Certainly a movie worth a viewing. We heartily recommend it. And here's a trailer to introduce you to the film:
Next week, we start a new festival of Hollywood movies.
This week, we watched Nothing Sacred, a screwball comedy
which stars Carole Lombard as Hazel Flagg, a young woman from Warsaw, a
tiny New England town, who is diagnosed with radium poisoning. When
reporter Wally Cook (Frederic March) is looking for a story to get him
back on top, he hits on Hazel's misfortune as a means to re-ingratiating
himself with his boss. Only problem is, Hazel has since found out that
her doctor (Charles Winninger) was mistaken. She's fine. Hazel however,
wants her free trip to New York City (the gift promised by Wally), and
to get out of Warsaw, so she conceals her health, and goes to town as
the Martyr Who is About to Die. (My favorite line: "It's kind of
startling to be brought to life twice - and each time in Warsaw!")
In
some senses, it feels as though the writers wrote themselves into a
corner, and couldn't get out. They need a way to end it, so they do,
but whether it exactly works, is a matter of opinion. However, this is
screwball comedy, so on some levels it doesn't really matter. Ms.

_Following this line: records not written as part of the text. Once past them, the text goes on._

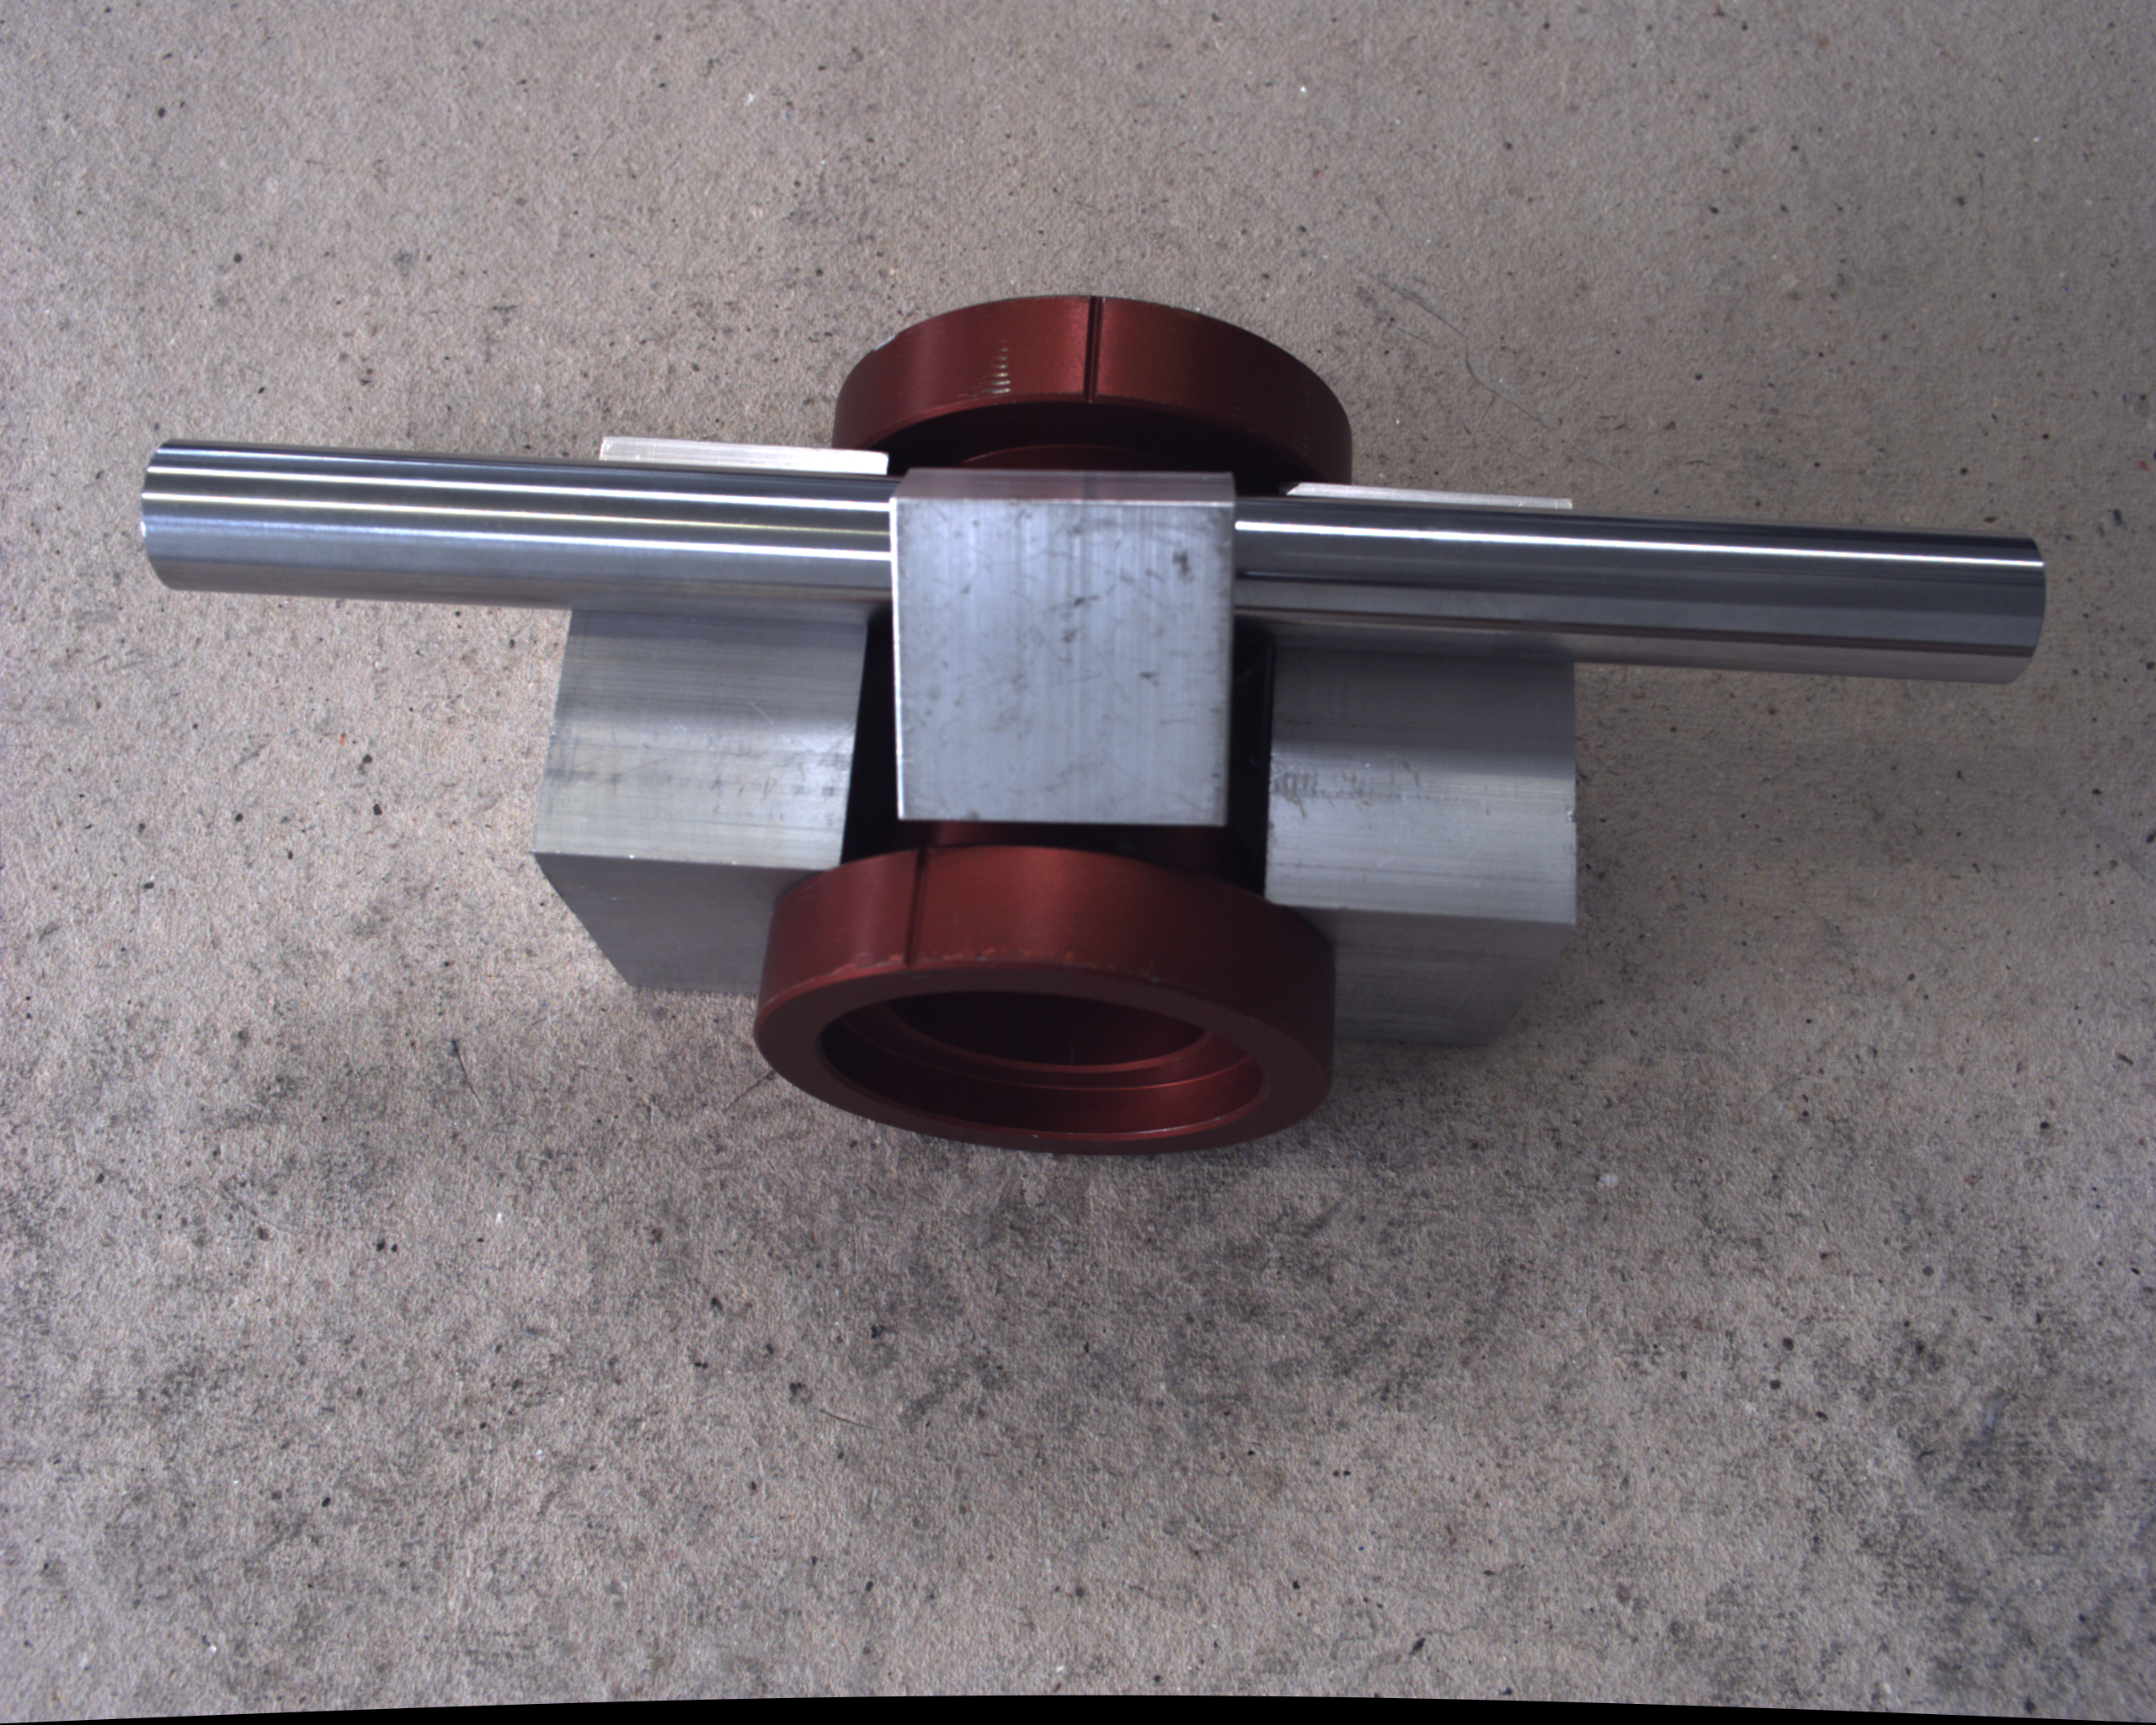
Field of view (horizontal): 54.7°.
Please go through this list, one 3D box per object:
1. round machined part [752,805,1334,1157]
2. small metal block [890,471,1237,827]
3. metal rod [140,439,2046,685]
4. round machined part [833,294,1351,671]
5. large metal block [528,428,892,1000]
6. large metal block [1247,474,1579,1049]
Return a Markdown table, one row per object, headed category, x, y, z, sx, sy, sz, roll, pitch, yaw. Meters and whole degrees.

Lombard is adorable as Hazel; loving the attention she is getting, but
horrified because people seem to so genuinely care that she is dying.
And, of course, falling in love with Wally who ALSO thinks she is about
to die. Here's a trailer:
There is also a great deal of wonderful character support
here. We were particularly tickled by a brief, uncredited appearance by
Hattie McDaniel, as the wife of a man pretending to be a Middle Eastern
potentate. One word from her, and we were laughing. You can't miss
that voice. Even without the closeup that we never got, we knew it was
her! Another delightful surprise was Margaret Hamilton as a local
neighbor of Hazel. She doesn't have a huge part, doesn't even have a
lot of dialog, but again, she is hysterically funny. We loved it.
Interesting to note is that both actresses were 2 years from their
breakthrough 1939 performances in Gone with the Wind and The Wizard of Oz.